Assignment
Work out how many lines below hold the string "plated" and state only that figure.
===== Data records
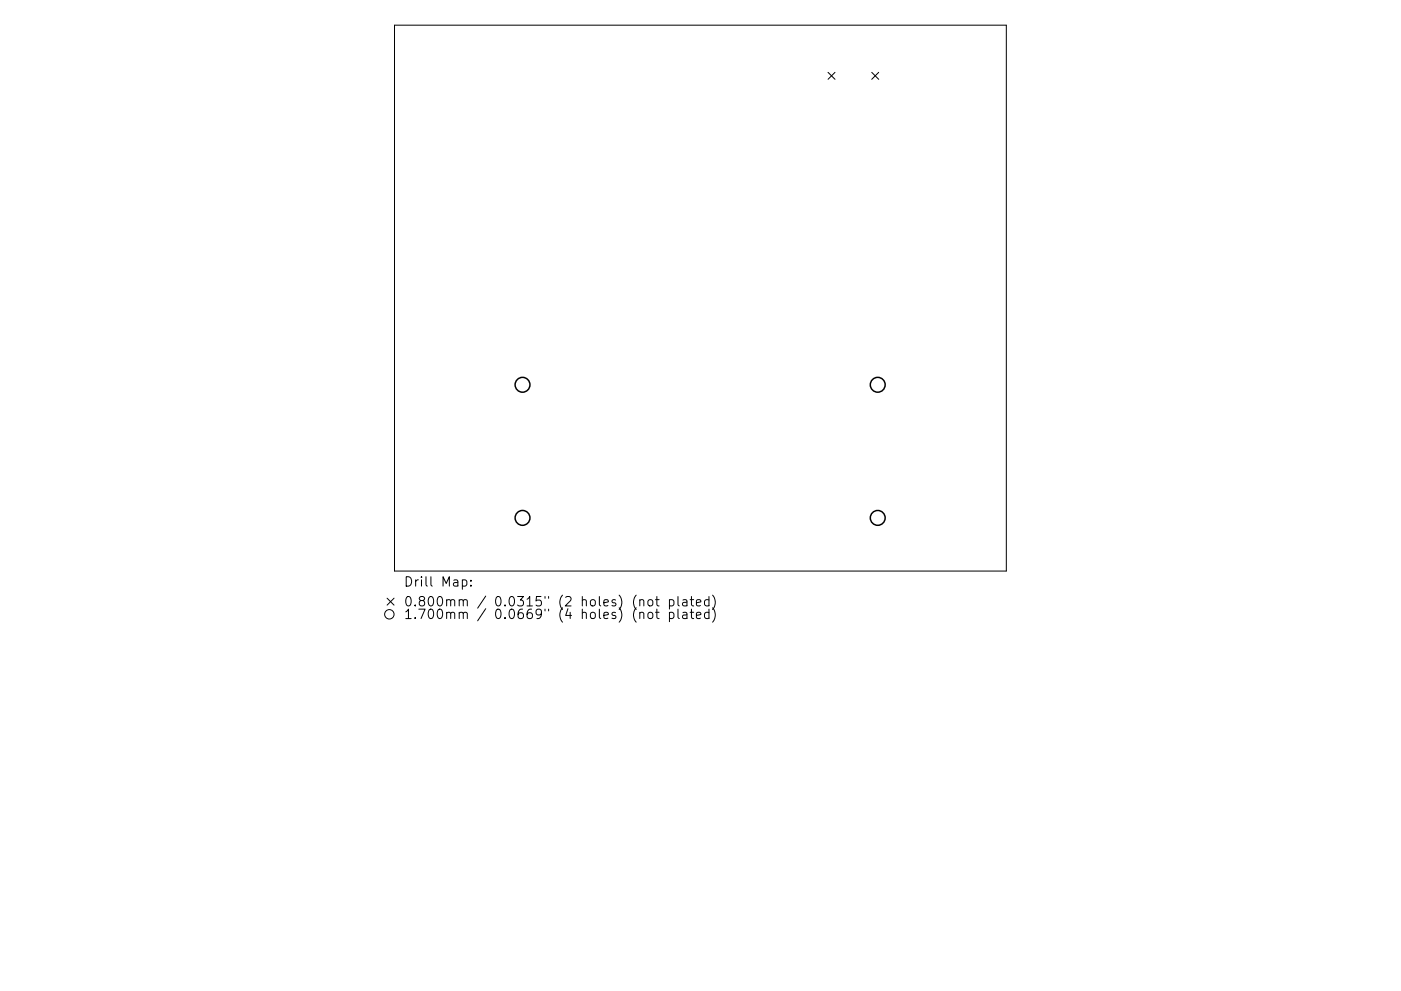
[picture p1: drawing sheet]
<svg xmlns="http://www.w3.org/2000/svg" width="297mm" height="210mm" viewBox="0 0 297 210" stroke-linecap="round" stroke-linejoin="round" font-family="sans-serif">
<defs><g id="words">
<g font-size="2.8">
<text x="85.5" y="125.1">Drill</text>
<text x="93.6" y="125.1">Map:</text>
<text x="85.5" y="129.3">0.800mm</text>
<text x="85.5" y="131.9">1.700mm</text>
<text x="105" y="129.3">0.0315&quot;</text>
<text x="105" y="131.9">0.0669&quot;</text>
<text x="118.7" y="129.3">(2</text>
<text x="118.7" y="131.9">(4</text>
<text x="123.7" y="129.3">holes)</text>
<text x="123.7" y="131.9">holes)</text>
<text x="134.7" y="129.3">(not</text>
<text x="134.7" y="131.9">(not</text>
<text x="142.6" y="129.3">plated)</text>
<text x="142.6" y="131.9">plated)</text>
</g>
</g></defs>
<g fill="none" stroke="#000" stroke-width=".21">
<path d="M83.6 5.3h129.8v115.9h-129.8zM175.6 15.3l1.4 1.5M177 15.3l-1.4 1.5M184.8 15.3l1.5 1.5M186.3 15.3l-1.5 1.5M82.1 126.9l1.4 1.5M83.5 126.9l-1.4 1.5M91.4 122.4v1.7l.2 .3M97.4 127.4l.2-.2 .5 .1 .1 1.3M97.4 130.1a.5 .5 0 0 1 .8 .1v1M98.2 127.5l.3-.3 .5 .1 .1 1.3M98.2 130.2l.3-.3 .5 .1 .1 1.2"/>
<path d="M103 126.5l-1.7 2.5M103 129.1l-1.7 2.6M115.6 126.6v.3M115.6 129.2v.4M116.3 126.6v.3M116.3 129.2v.4"/>
<circle cx="82.5" cy="130.3" r="1"/>
</g>
<g fill="none" stroke="#000" stroke-width=".32">
<circle cx="110.8" cy="81.6" r="1.58"/>
<circle cx="186.1" cy="81.6" r="1.58"/>
<circle cx="110.8" cy="109.9" r="1.58"/>
<circle cx="186.1" cy="109.9" r="1.58"/>
</g>
<use href="#words"/>
</svg>
==========
Response to this task
2